SUPPLIED INFORMATION |
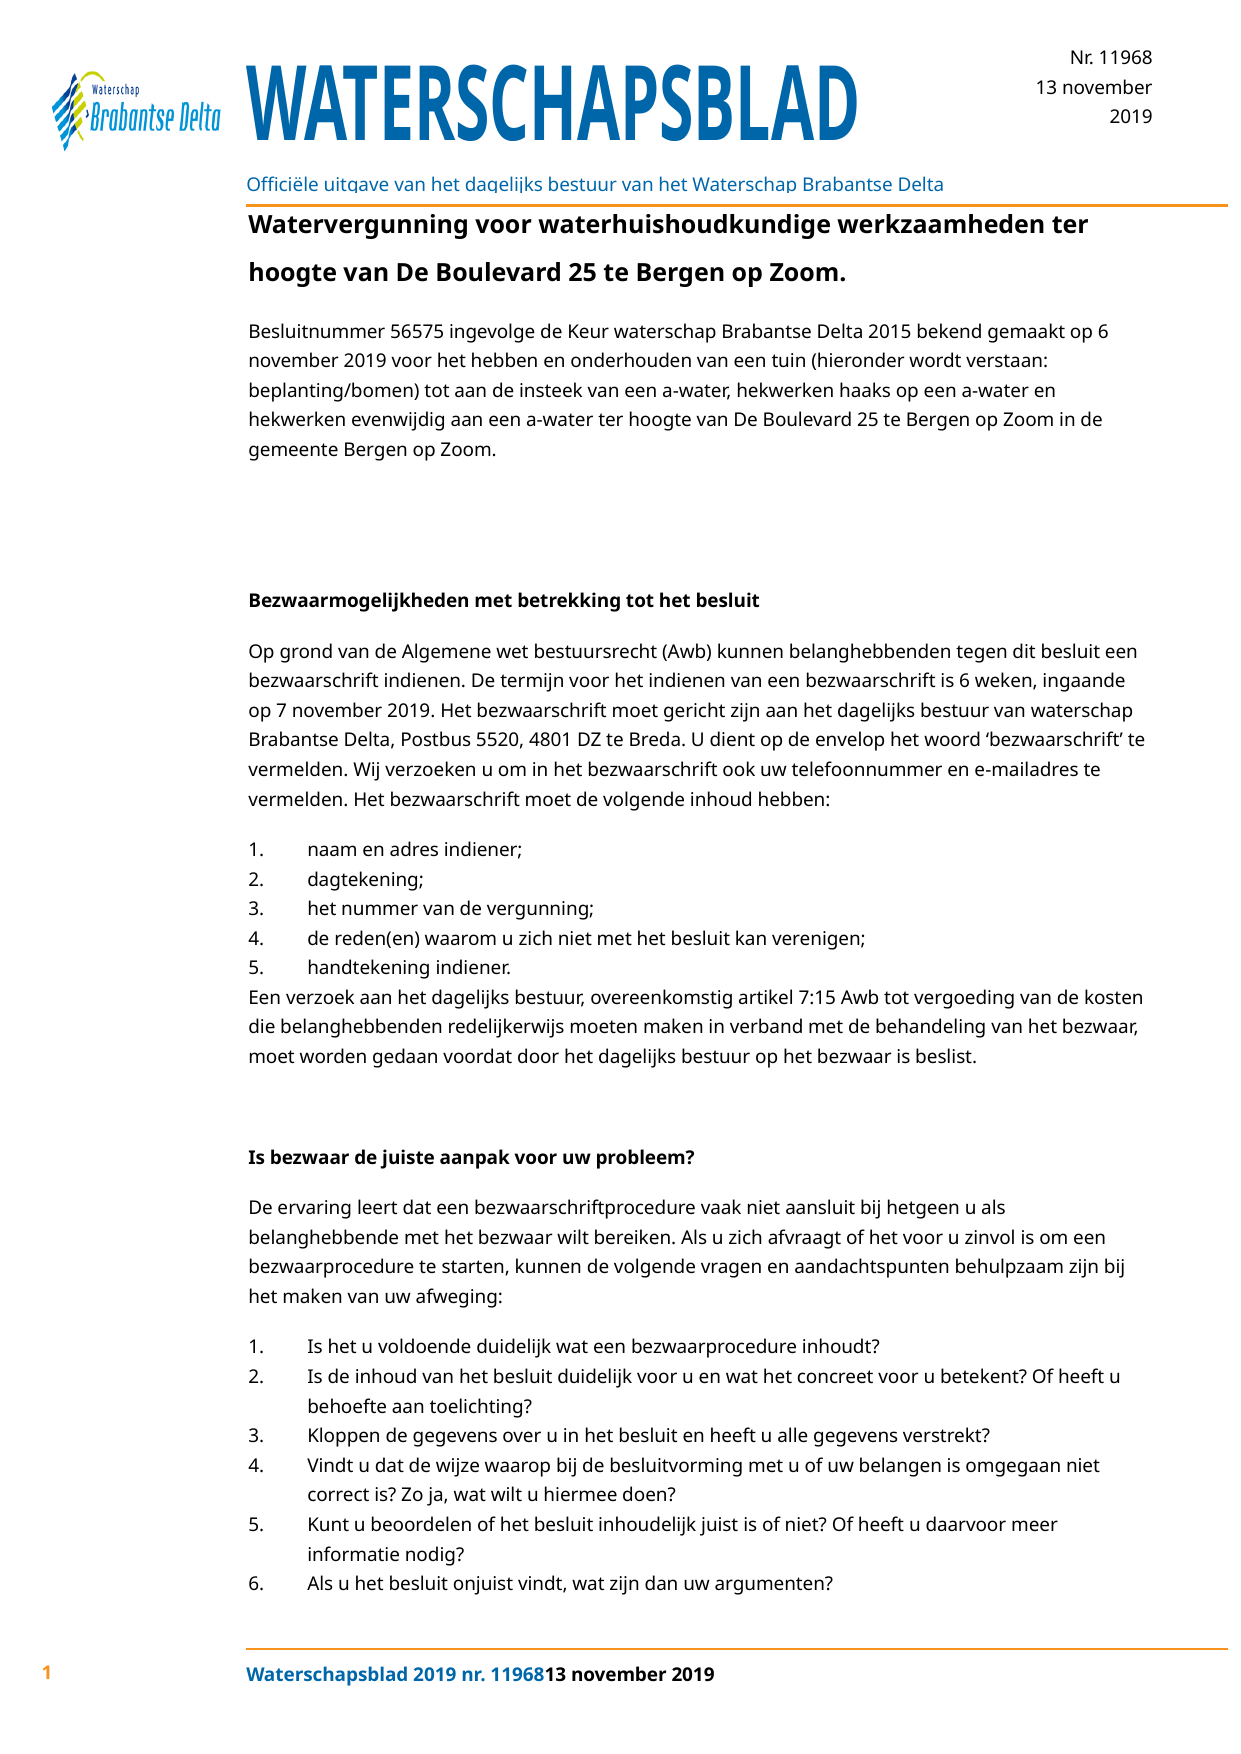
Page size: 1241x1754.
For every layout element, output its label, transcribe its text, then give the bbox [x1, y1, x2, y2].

text Bezwaarmogelijkheden met betrekking tot het besluit [248, 587, 1152, 613]
text Is bezwaar de juiste aanpak voor uw probleem? [248, 1144, 1152, 1170]
list Kloppen de gegevens over u in het besluit en heeft u alle gegevens verstrekt? [248, 1422, 1152, 1448]
list Als u het besluit onjuist vindt, wat zijn dan uw argumenten? [248, 1570, 1152, 1596]
text Besluitnummer 56575 ingevolge de Keur waterschap Brabantse Delta 2015 bekend gemaakt op 6 november 2019 voor het hebben en onderhouden van een tuin (hieronder wordt verstaan: beplanting/bomen) tot aan de insteek van een a-water, hekwerken haaks op een a-water en hekwerken evenwijdig aan een a-water ter hoogte van De Boulevard 25 te Bergen op Zoom in de gemeente Bergen op Zoom. [248, 318, 1152, 462]
list dagtekening; [248, 866, 1152, 892]
list Kunt u beoordelen of het besluit inhoudelijk juist is of niet? Of heeft u daarvoor meer informatie nodig? [248, 1511, 1152, 1567]
text De ervaring leert dat een bezwaarschriftprocedure vaak niet aansluit bij hetgeen u als belanghebbende met het bezwaar wilt bereiken. Als u zich afvraagt of het voor u zinvol is om een bezwaarprocedure te starten, kunnen de volgende vragen en aandachtspunten behulpzaam zijn bij het maken van uw afweging: [248, 1194, 1152, 1309]
list het nummer van de vergunning; [248, 895, 1152, 921]
text Op grond van de Algemene wet bestuursrecht (Awb) kunnen belanghebbenden tegen dit besluit een bezwaarschrift indienen. De termijn voor het indienen van een bezwaarschrift is 6 weken, ingaande op 7 november 2019. Het bezwaarschrift moet gericht zijn aan het dagelijks bestuur van waterschap Brabantse Delta, Postbus 5520, 4801 DZ te Breda. U dient op de envelop het woord ‘bezwaarschrift’ te vermelden. Wij verzoeken u om in het bezwaarschrift ook uw telefoonnummer en e‑mailadres te vermelden. Het bezwaarschrift moet de volgende inhoud hebben: [248, 638, 1152, 812]
list Vindt u dat de wijze waarop bij de besluitvorming met u of uw belangen is omgegaan niet correct is? Zo ja, wat wilt u hiermee doen? [248, 1452, 1152, 1507]
list handtekening indiener. [248, 954, 1152, 980]
list naam en adres indiener; [248, 836, 1152, 862]
text Watervergunning voor waterhuishoudkundige werkzaamheden ter hoogte van De Boulevard 25 te Bergen op Zoom. [248, 207, 1152, 288]
list Is het u voldoende duidelijk wat een bezwaarprocedure inhoudt? [248, 1334, 1152, 1359]
picture [41, 47, 231, 172]
list Is de inhoud van het besluit duidelijk voor u en wat het concreet voor u betekent? Of heeft u behoefte aan toelichting? [248, 1363, 1152, 1419]
text Een verzoek aan het dagelijks bestuur, overeenkomstig artikel 7:15 Awb tot vergoeding van de kosten die belanghebbenden redelijkerwijs moeten maken in verband met de behandeling van het bezwaar, moet worden gedaan voordat door het dagelijks bestuur op het bezwaar is beslist. [248, 984, 1152, 1069]
list de reden(en) waarom u zich niet met het besluit kan verenigen; [248, 925, 1152, 951]
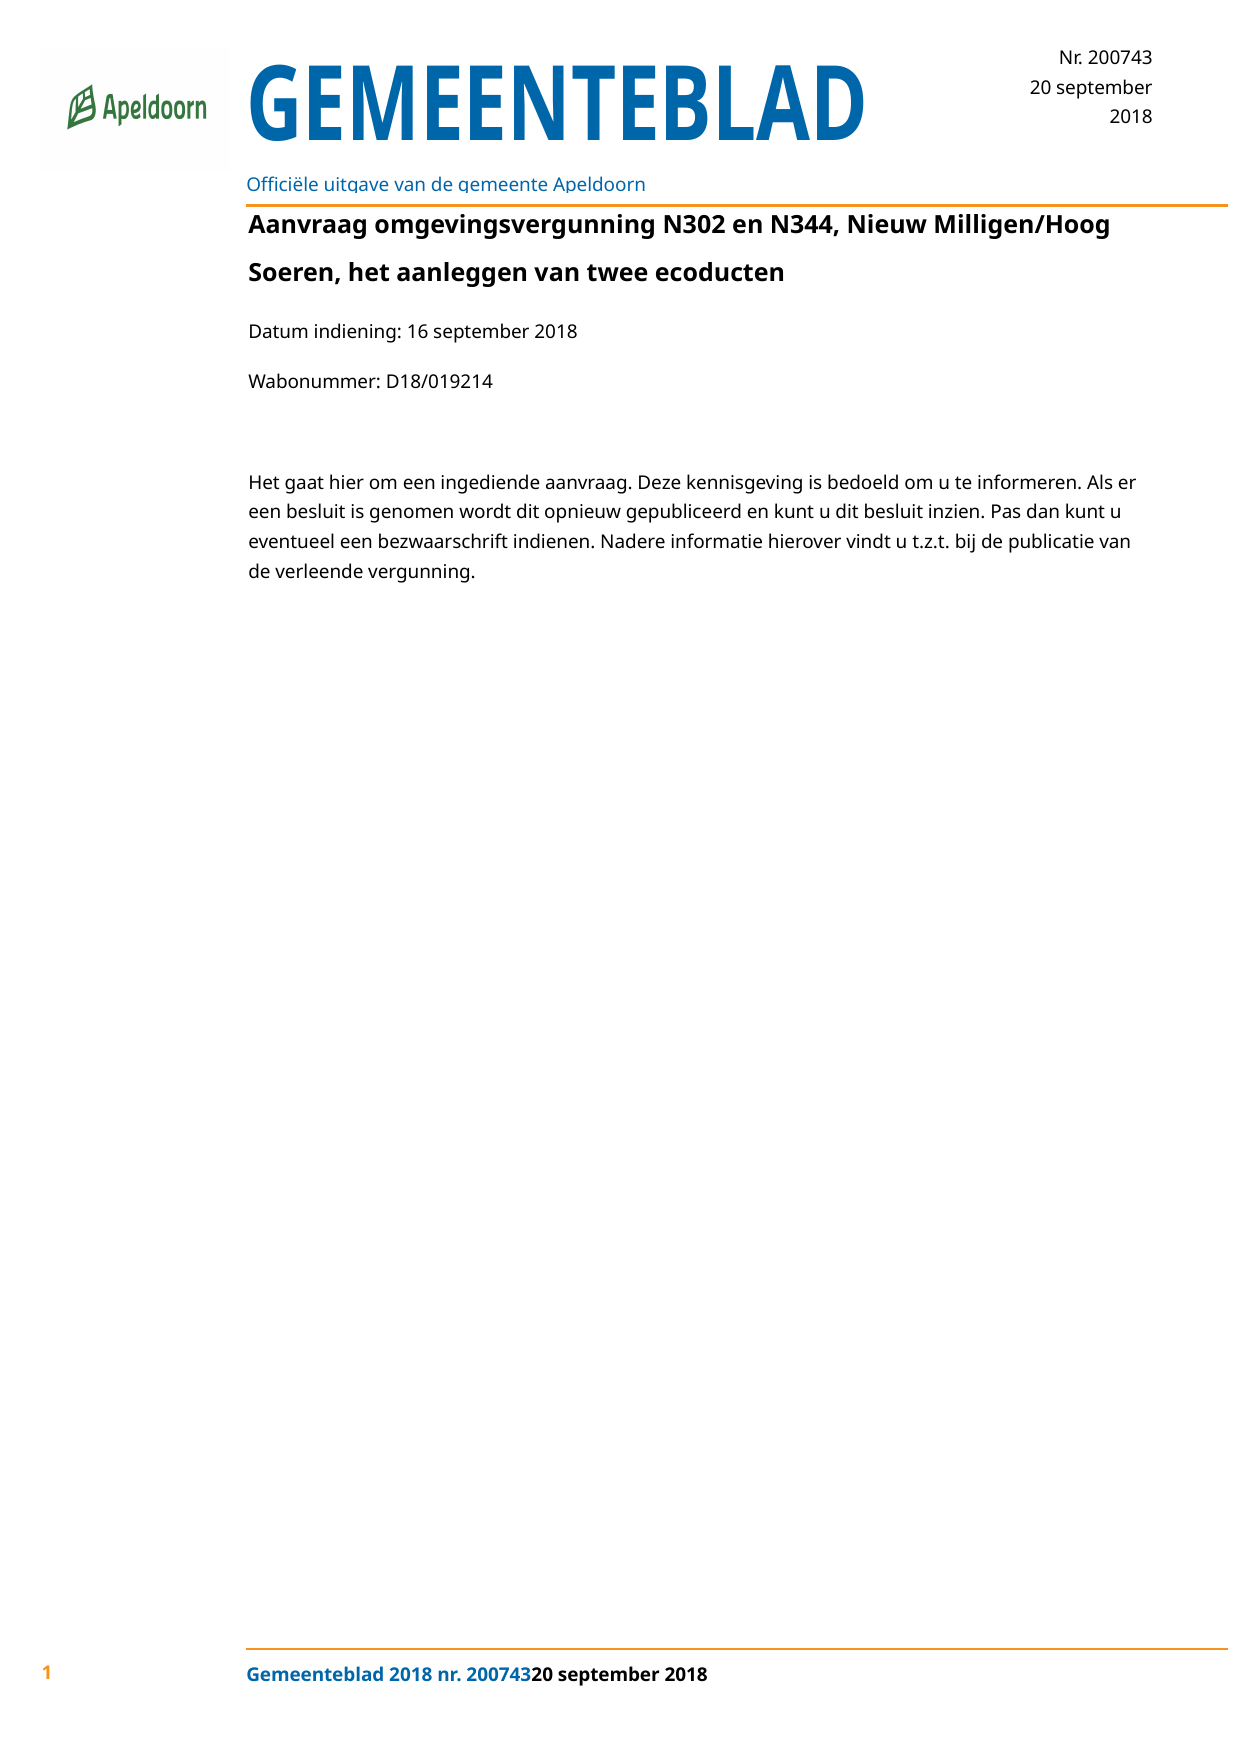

WORK ITEM |
Would you please copy exactly the part of the entries above that begins at the line containing "text Bezwaarmogelijkheden met" and ends at the line containing "list Kloppen de", both lines included?

EXERCISE OUTPUT |
text Bezwaarmogelijkheden met betrekking tot het besluit [248, 587, 1152, 613]
text Is bezwaar de juiste aanpak voor uw probleem? [248, 1144, 1152, 1170]
list Kloppen de gegevens over u in het besluit en heeft u alle gegevens verstrekt? [248, 1422, 1152, 1448]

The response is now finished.